# lookin for new wheels...... need help



## JagerPwrd (Nov 30, 2008)

I will add a few pics of the car in its current state..( H&R springs , Koni struts ) cz this pic makes it look like a damn 4x4 .....








.....even with the sport springs its still miles off the ground, but its a daily and i commute 45+ mins each day
What you Guyz think?


----------



## TheBurninator (Jan 7, 2009)

*Re: lookin for new wheels...... need help (JagerPwrd)*

race springs go lower


----------



## JagerPwrd (Nov 30, 2008)

*Re: lookin for new wheels...... need help (TheBurninator)*

im really thinkin thats the way to go im gunna space out these in the next few days and get a few pics up with the sport springs on .. anyone got race springs in ? do they rub or ride wicked harsh ?


----------



## JagerPwrd (Nov 30, 2008)

*Re: lookin for new wheels...... need help (JagerPwrd)*

i was thinkin race springs and bentley splits ( i know they r kinda played out ...but i love them )


----------



## Snowhere (Jul 27, 2007)

*Re: lookin for new wheels...... need help (JagerPwrd)*

What are the specs on your current wheels? 20s? Are they reps, or the real thing? I have always liked the lambo wheel on derracuda's car, but he pulls them off a little better. It does not hurt that derracuda has the widebody 4.2. 
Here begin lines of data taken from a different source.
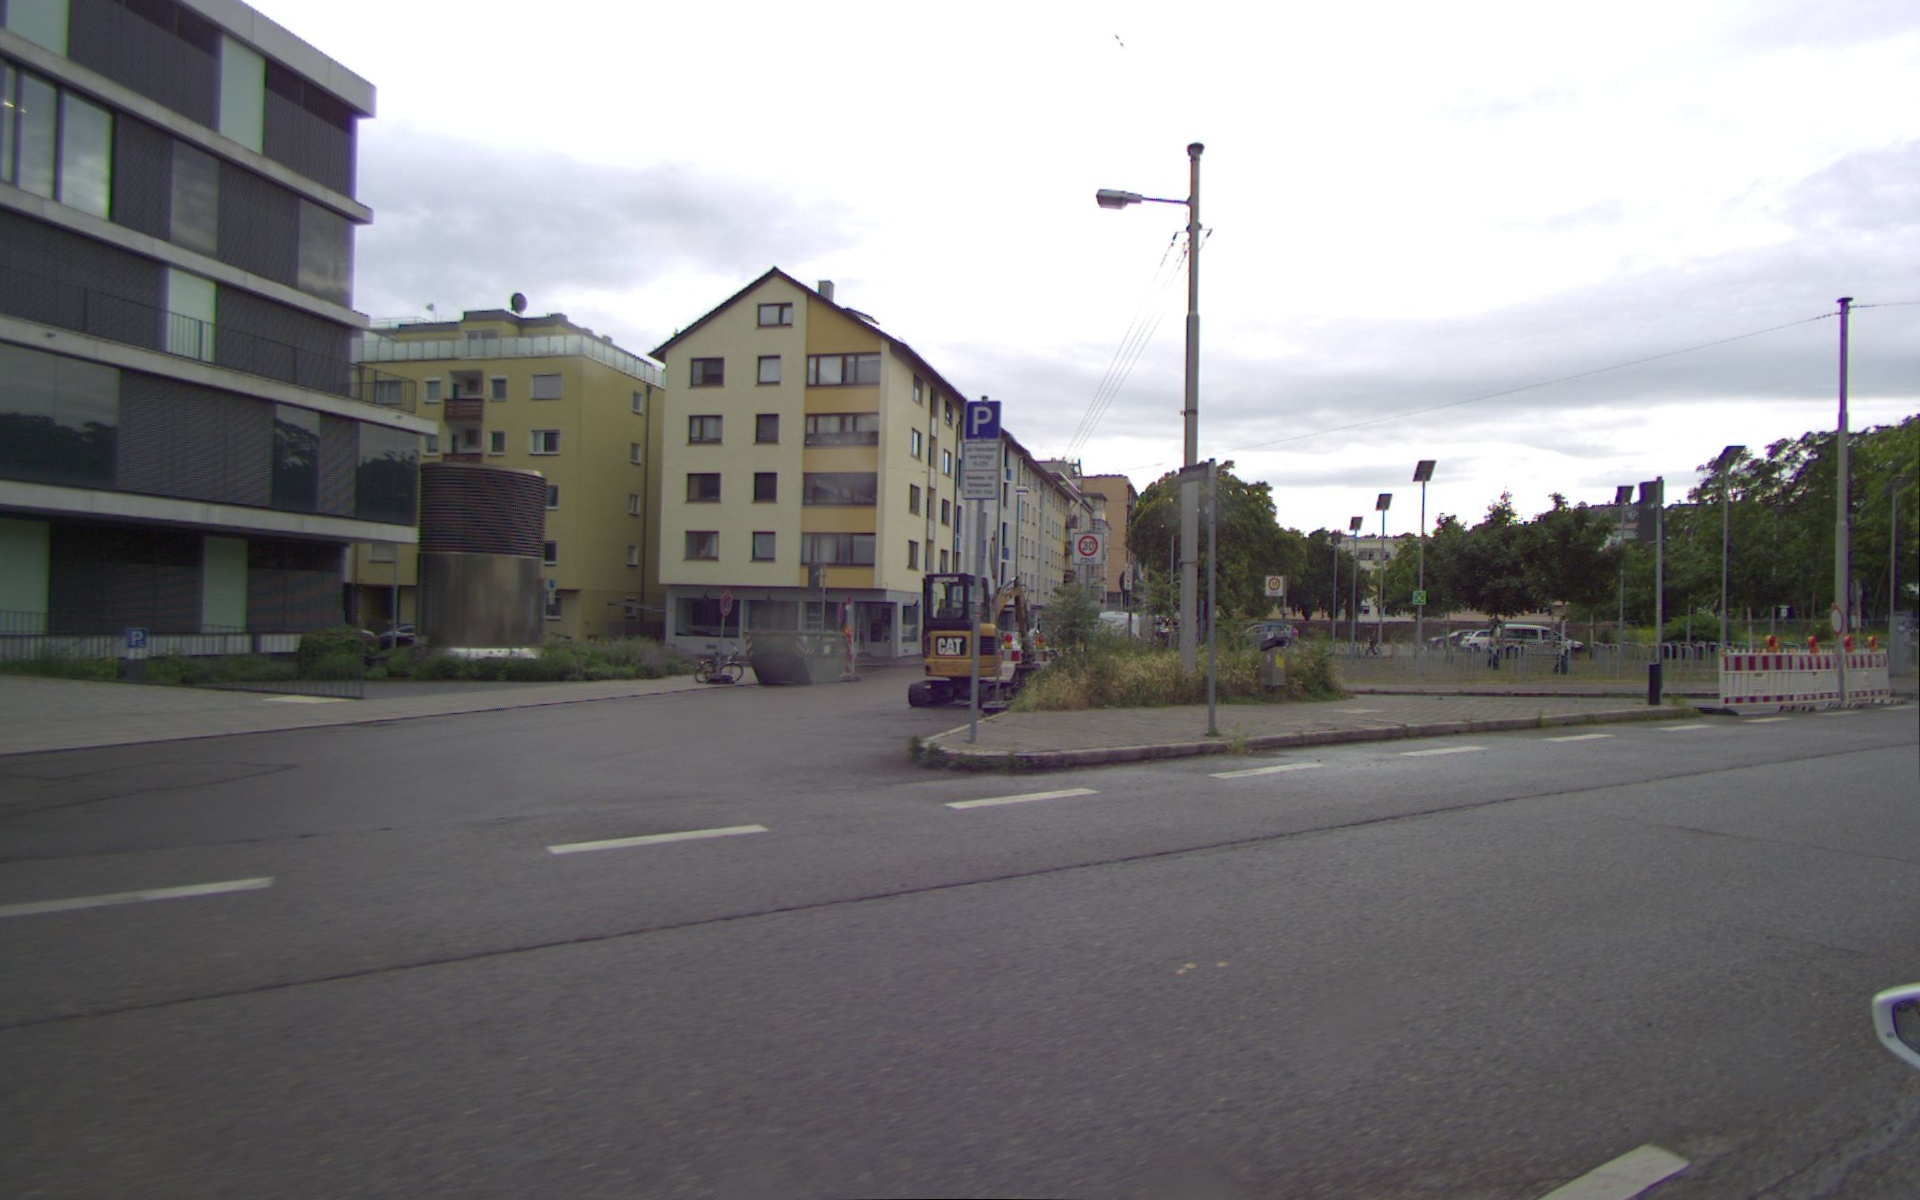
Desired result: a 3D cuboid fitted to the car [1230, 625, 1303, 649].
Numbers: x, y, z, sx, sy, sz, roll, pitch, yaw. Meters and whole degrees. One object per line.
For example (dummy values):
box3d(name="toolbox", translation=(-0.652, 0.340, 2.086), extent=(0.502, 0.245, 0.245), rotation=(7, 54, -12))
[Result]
box3d(name="car", translation=(21.444, 2.611, 70.543), extent=(4.806, 1.646, 2.127), rotation=(0, -3, 15))

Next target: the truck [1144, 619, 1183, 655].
box3d(name="truck", translation=(31.652, 5.731, 155.999), extent=(5.497, 5.211, 15.716), rotation=(-2, -2, 12))

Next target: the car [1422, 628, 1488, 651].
box3d(name="car", translation=(35.780, 2.851, 72.668), extent=(3.919, 1.647, 1.801), rotation=(0, -1, 12))

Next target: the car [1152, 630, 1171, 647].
box3d(name="car", translation=(19.277, 3.691, 96.002), extent=(1.764, 1.530, 4.003), rotation=(-2, -2, 12))

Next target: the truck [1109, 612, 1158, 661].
box3d(name="truck", translation=(11.200, 2.359, 64.472), extent=(2.724, 2.970, 5.294), rotation=(-2, -2, 13))

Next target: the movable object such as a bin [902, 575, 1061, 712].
box3d(name="movable object such as a bin", translation=(0.621, 0.822, 20.983), extent=(1.638, 2.492, 5.288), rotation=(0, -1, 21))

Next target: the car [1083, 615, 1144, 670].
box3d(name="car", translation=(7.500, 2.054, 48.654), extent=(2.620, 2.445, 5.738), rotation=(-2, -2, 11))

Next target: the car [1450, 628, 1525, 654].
box3d(name="car", translation=(34.118, 2.658, 65.079), extent=(3.919, 1.647, 1.801), rotation=(0, -1, 12))

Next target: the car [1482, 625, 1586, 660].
box3d(name="car", translation=(31.565, 2.328, 55.382), extent=(4.597, 1.858, 2.001), rotation=(0, -1, 12))

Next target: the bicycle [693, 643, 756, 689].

That's O.K. Burninator, no one says you have to have blacked out wheels on your white old lady car!










_Modified by Snowhere at 2:53 PM 1-21-2009_


----------



## TheBurninator (Jan 7, 2009)

*Re: lookin for new wheels...... need help (Snowhere)*

If they werent black they would look good... But I just have this bitter thing about blacked out cars/wheels


----------



## JagerPwrd (Nov 30, 2008)

*Re: lookin for new wheels...... need help (Snowhere)*

nah they r reps they look much better on the car with the springs and struts in they gotta be spaced too but on the student / bum budget its rough... i have come into some money and am lookin into other options but like i said it is my daily and my baby is my new mk2 1.8t swap project 
my dads car ( 08, s6) pulls of white car and colored wheels like no other check it 
















( winter set up)


_Modified by JagerPwrd at 3:20 PM 1-21-2009_


----------



## TheBurninator (Jan 7, 2009)

*Re: lookin for new wheels...... need help (JagerPwrd)*

sorry you wont turn me into someone that likes black wheels.
where did you find reps?


----------



## Massboykie (Aug 15, 2006)

*Re: lookin for new wheels...... need help (JagerPwrd)*


_Quote, originally posted by *JagerPwrd* »_.....even with the sport springs its still miles off the ground, but its a daily and i commute 45+ mins each day

Hey Jager
Sweet wheels. What size are those? I'm assuming it's a 4.2? Looking at the door blades. 
I was thinking of going lower with mine but here in NE the winter just sucks and potholes etc would be so much more of a bitch. Spending $1000 on coils is just too much, I'd rather spend that on power options...








Cheers
Massboykie


----------



## JagerPwrd (Nov 30, 2008)

*Re: lookin for new wheels...... need help (TheBurninator)*

ACH tuning has hook up for all oe style reps .... which personally is the only way to go raderwerks wheels has a nice selection too. i was gunna powder coat them gunmetal before puttin on the car but im so glad i didnt


----------



## JagerPwrd (Nov 30, 2008)

*Re: lookin for new wheels...... need help (Massboykie)*

they are 19's and in the pic above the car is sittin on stock springs and struts now its on H&R sport springs and Koni struts i live in pwling ny like an hour north of the city The car is actually a 3 liter with 4.2 door blades ...... if i could swap my sport spring for the race ones id prolly do it


----------



## HOOD RICK (Sep 1, 2008)

get coils and slam it!!!


----------



## JagerPwrd (Nov 30, 2008)

*Re: (HOOD RICK)*

believe me bro i want coils .... but i got H&R sport springs and Koni struts with about 2k miles on them and dont know what to do with them


----------